Supplied records START

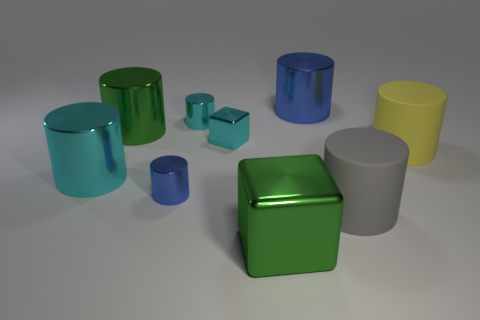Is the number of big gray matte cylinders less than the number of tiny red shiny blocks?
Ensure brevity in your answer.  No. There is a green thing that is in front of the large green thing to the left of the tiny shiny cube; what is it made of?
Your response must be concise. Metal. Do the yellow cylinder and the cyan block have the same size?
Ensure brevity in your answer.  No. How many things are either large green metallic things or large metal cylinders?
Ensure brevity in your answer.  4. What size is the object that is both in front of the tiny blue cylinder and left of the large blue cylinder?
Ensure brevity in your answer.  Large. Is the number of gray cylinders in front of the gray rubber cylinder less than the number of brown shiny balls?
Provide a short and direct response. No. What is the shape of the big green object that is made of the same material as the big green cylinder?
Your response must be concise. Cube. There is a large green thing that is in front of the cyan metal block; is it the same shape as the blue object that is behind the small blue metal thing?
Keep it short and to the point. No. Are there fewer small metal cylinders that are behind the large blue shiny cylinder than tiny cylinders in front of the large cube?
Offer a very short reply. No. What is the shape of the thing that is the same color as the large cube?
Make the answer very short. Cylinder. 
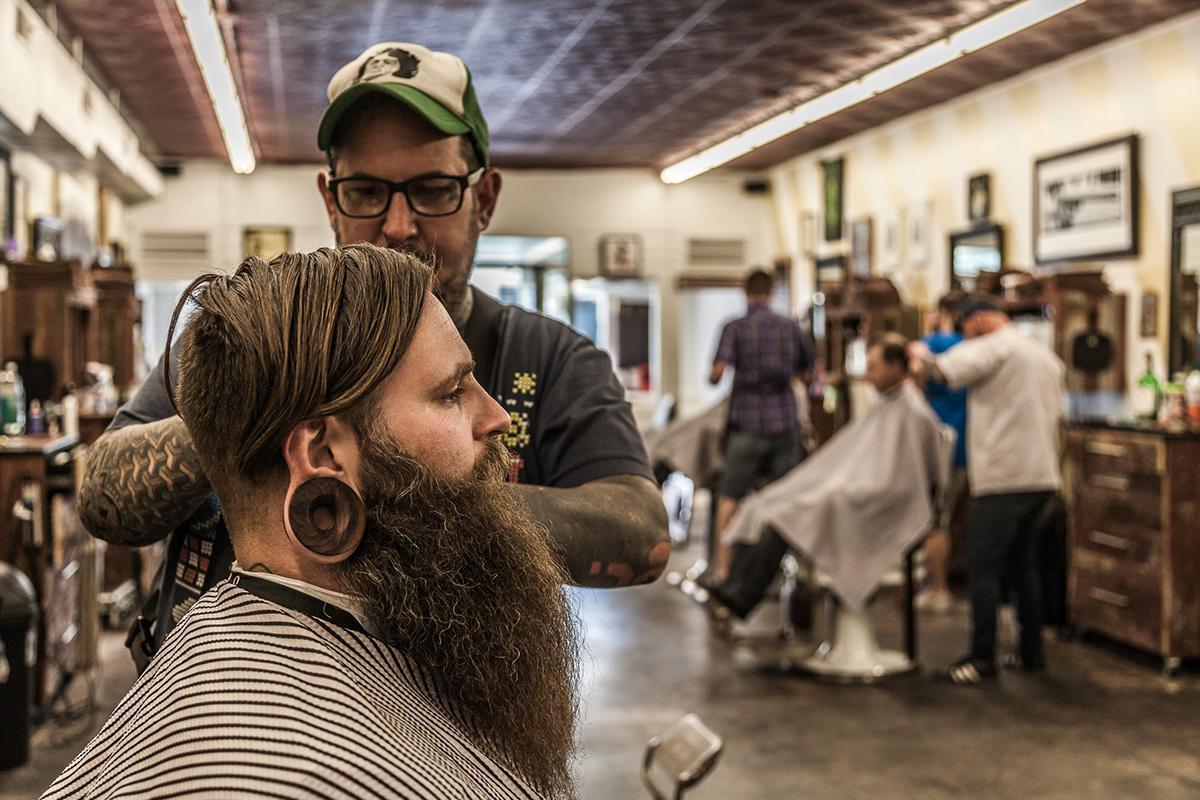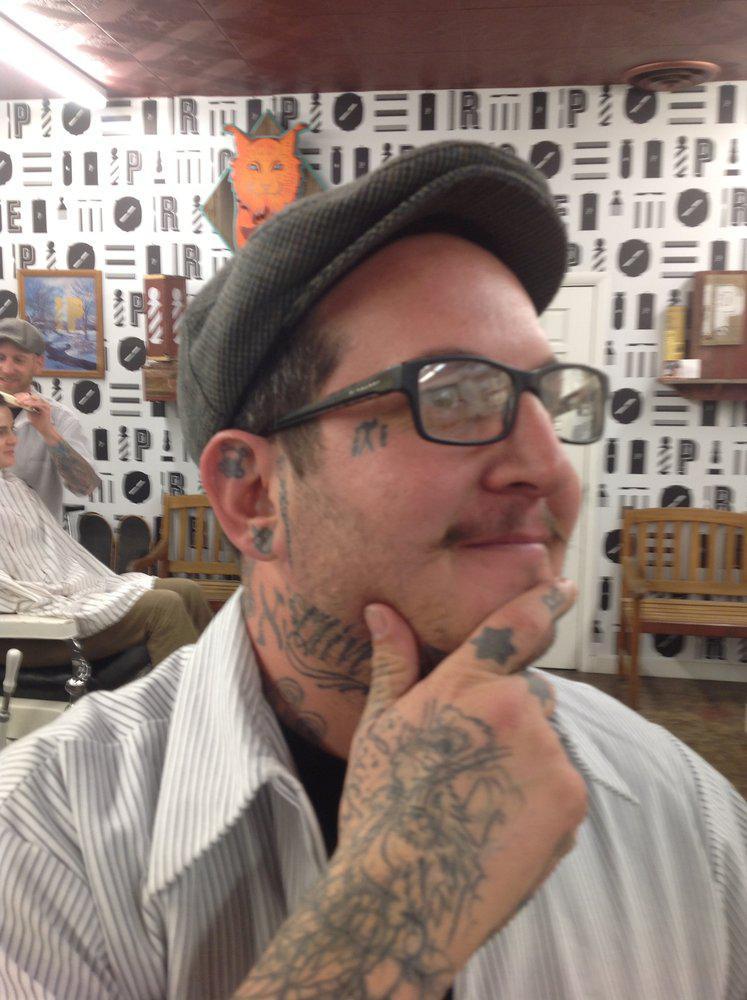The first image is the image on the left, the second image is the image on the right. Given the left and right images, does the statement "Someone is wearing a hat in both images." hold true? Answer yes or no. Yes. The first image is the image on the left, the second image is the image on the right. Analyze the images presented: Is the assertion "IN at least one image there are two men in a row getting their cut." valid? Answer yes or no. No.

Supplied records END
Supplied records START

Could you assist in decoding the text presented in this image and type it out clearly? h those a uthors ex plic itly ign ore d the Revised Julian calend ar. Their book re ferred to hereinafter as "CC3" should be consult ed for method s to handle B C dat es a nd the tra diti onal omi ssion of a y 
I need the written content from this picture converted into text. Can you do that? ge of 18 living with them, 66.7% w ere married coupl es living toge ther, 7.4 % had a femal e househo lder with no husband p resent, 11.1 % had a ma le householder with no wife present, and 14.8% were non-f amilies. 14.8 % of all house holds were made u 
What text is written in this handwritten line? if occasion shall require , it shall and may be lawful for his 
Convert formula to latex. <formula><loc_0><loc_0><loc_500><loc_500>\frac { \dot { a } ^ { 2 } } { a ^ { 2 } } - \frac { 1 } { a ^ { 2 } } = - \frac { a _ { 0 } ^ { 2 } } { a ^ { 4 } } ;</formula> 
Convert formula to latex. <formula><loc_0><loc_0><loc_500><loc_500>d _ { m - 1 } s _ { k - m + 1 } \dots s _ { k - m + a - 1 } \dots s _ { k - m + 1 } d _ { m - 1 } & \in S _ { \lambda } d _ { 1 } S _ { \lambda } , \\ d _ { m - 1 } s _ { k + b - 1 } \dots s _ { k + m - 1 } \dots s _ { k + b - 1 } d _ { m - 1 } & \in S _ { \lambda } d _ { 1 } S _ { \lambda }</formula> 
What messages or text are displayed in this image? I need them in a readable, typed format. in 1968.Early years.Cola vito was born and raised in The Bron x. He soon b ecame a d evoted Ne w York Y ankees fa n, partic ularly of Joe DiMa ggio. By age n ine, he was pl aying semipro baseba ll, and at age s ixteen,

Supplied records END

**Exercise instructions:**
Scan the records above for the string "concise", then select every line that holds it.

**Written solution:**
Your response must be concise. Metal. Do the yellow cylinder and the cyan block have the same size?
Your response must be concise. Cube. There is a large green thing that is in front of the cyan metal block; is it the same shape as the blue object that is behind the small blue metal thing?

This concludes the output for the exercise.